We were also struck by how self-serving to the PGS industry one of the society’s recommendation to clinicians was: In addressing “the possible transfer of embryos with only mosaic aneuploidies,” the first recommendation the PGDIS suggests for patients in such a case is not transfer of mosaic embryos but “a further cycle of IVF with (repeated) aneuploidy testing to increase the chance of identifying a normal euploid blastocyst for transfer.” The “chutzpah” of this recommendation is really difficult to fathom: After getting a worthless uninterpretable result, let’s do it all over again, incurring not only the cost of yet another PGS procedure but also of a complete second IVF cycle!

In summary, even the most interested proponents of PGS in these new PGDIS recommendations acknowledge how useless and, indeed, misleading their past diagnostic approaches to PGS have been.

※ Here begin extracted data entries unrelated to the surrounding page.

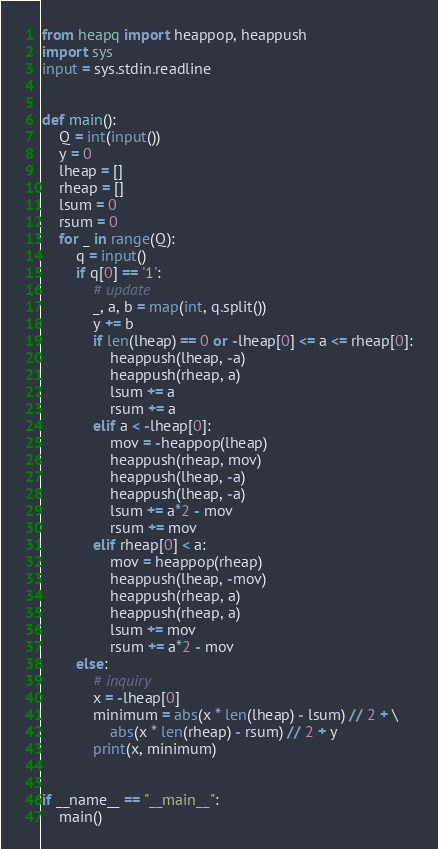Convert code to text. <code><loc_0><loc_0><loc_500><loc_500><_Python_>from heapq import heappop, heappush
import sys
input = sys.stdin.readline


def main():
    Q = int(input())
    y = 0
    lheap = []
    rheap = []
    lsum = 0
    rsum = 0
    for _ in range(Q):
        q = input()
        if q[0] == '1':
            # update
            _, a, b = map(int, q.split())
            y += b
            if len(lheap) == 0 or -lheap[0] <= a <= rheap[0]:
                heappush(lheap, -a)
                heappush(rheap, a)
                lsum += a
                rsum += a
            elif a < -lheap[0]:
                mov = -heappop(lheap)
                heappush(rheap, mov)
                heappush(lheap, -a)
                heappush(lheap, -a)
                lsum += a*2 - mov
                rsum += mov
            elif rheap[0] < a:
                mov = heappop(rheap)
                heappush(lheap, -mov)
                heappush(rheap, a)
                heappush(rheap, a)
                lsum += mov
                rsum += a*2 - mov
        else:
            # inquiry
            x = -lheap[0]
            minimum = abs(x * len(lheap) - lsum) // 2 + \
                abs(x * len(rheap) - rsum) // 2 + y
            print(x, minimum)


if __name__ == "__main__":
    main()
</code> 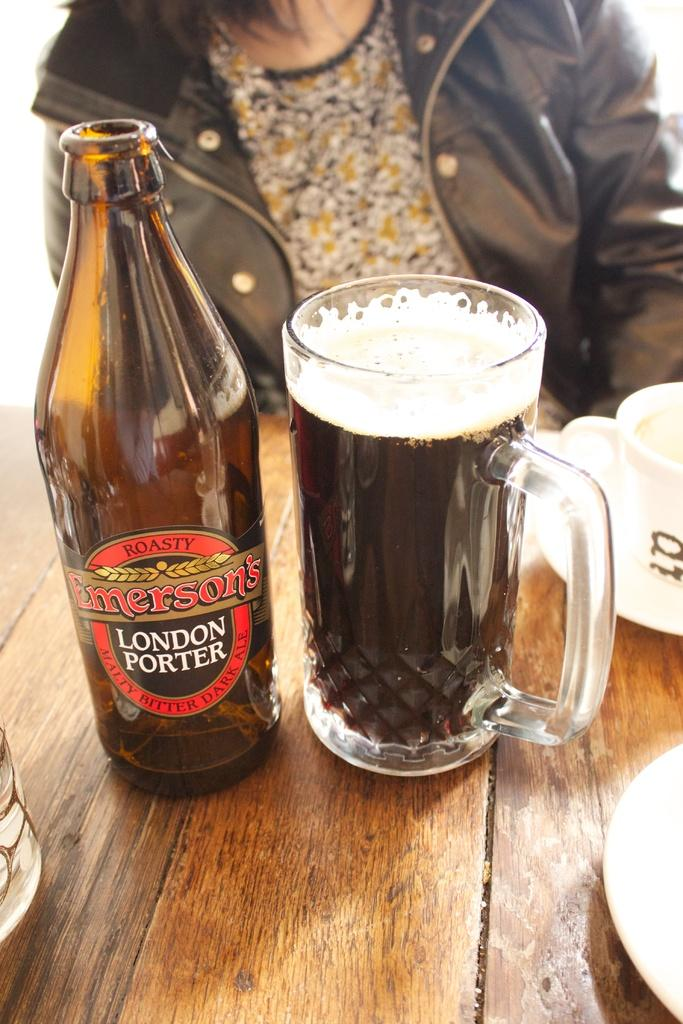<image>
Present a compact description of the photo's key features. An empty bottle of Emerson's London Porter sits next to a mug into which the beer has been poured. 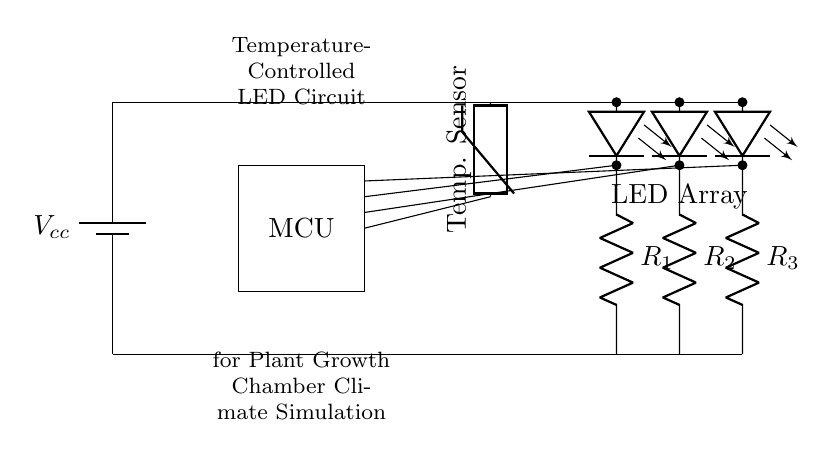What type of components are included in the circuit? The circuit contains a battery, microcontroller, temperature sensor, LED array, and resistors. These components are visible in the schematic diagram, and each is crucial for the function of the circuit.
Answer: battery, microcontroller, temperature sensor, LED array, resistors How many LEDs are present in the circuit? The circuit includes three LEDs, as indicated by three leDo symbols connected in series from the LED array. Each LED symbol represents a single LED in the configuration shown.
Answer: three What is the function of the microcontroller in this circuit? The microcontroller (MCU) processes data from the temperature sensor to control the LED array based on temperature readings. Its role is crucial for automating the climate simulation in the plant growth chamber.
Answer: control What is the relationship between the temperature sensor and the microcontroller? The temperature sensor provides input to the microcontroller, which uses this input to make decisions about the LED array's operation. This relationship is foundational for dynamic adjustments in response to temperature changes.
Answer: input/output What does the resistor connected to each LED do? The resistors (R1, R2, R3) limit the current flowing through the respective LEDs, preventing them from burning out. This is a common practice in LED circuits to ensure safe operation within specified current limits.
Answer: limit current How does the circuit achieve temperature control for plant growth simulations? The circuit achieves temperature control by using the temperature sensor to monitor the environment and the microcontroller to adjust the intensity of the LED array based on real-time temperature data. This feedback loop enables precise climate control.
Answer: feedback loop What is the voltage source in the circuit? The voltage source in the circuit is represented by the battery symbol labeled Vcc, which provides the necessary power for the operation of the entire circuit components.
Answer: Vcc

Yet, still, even in these new recommendations, they fail to acknowledge that, in early stage embryos, a single biopsy of a few trophectoderm cells cannot accurately enough reflect the chromosomal status of an embryo. PGS, therefore, clinically is a worthless procedure because a single biopsy can never determine whether an embryo can be transferred or should be discarded.

The new PGDIS recommendations quite obviously do not go far enough, because, considering what is now known, and assuming that the PGDIS considers the best interest of patients their first priority, their new recommendations should have been that, until further studies demonstrate otherwise, PGS should no longer be utilized in attempts to improve live birth rates in IVF and/or reduce miscarriage rates. And, before we forget, all of those who in the past mistakenly have been pushing hard for PGS, owe their patients a sincere mea culpa. It is one thing not to know better; to continue on the same track once things have become obvious, however, carries a very different connotation!

This is a part of the September 2016 CHR VOICE.

Norbert Gleicher, MD, FACOG, FACS

Norbert Gleicher, MD, FACOG, FACS

Norbert Gleicher, MD, leads CHR’s clinical and research efforts as Medical Director and Chief Scientist. A world-renowned specialist in reproductive endocrinology, Dr. Gleicher has published hundreds of peer-reviewed papers and lectured globally while keeping an active clinical career focused on ovarian aging, immunological issues and other difficult cases of infertility.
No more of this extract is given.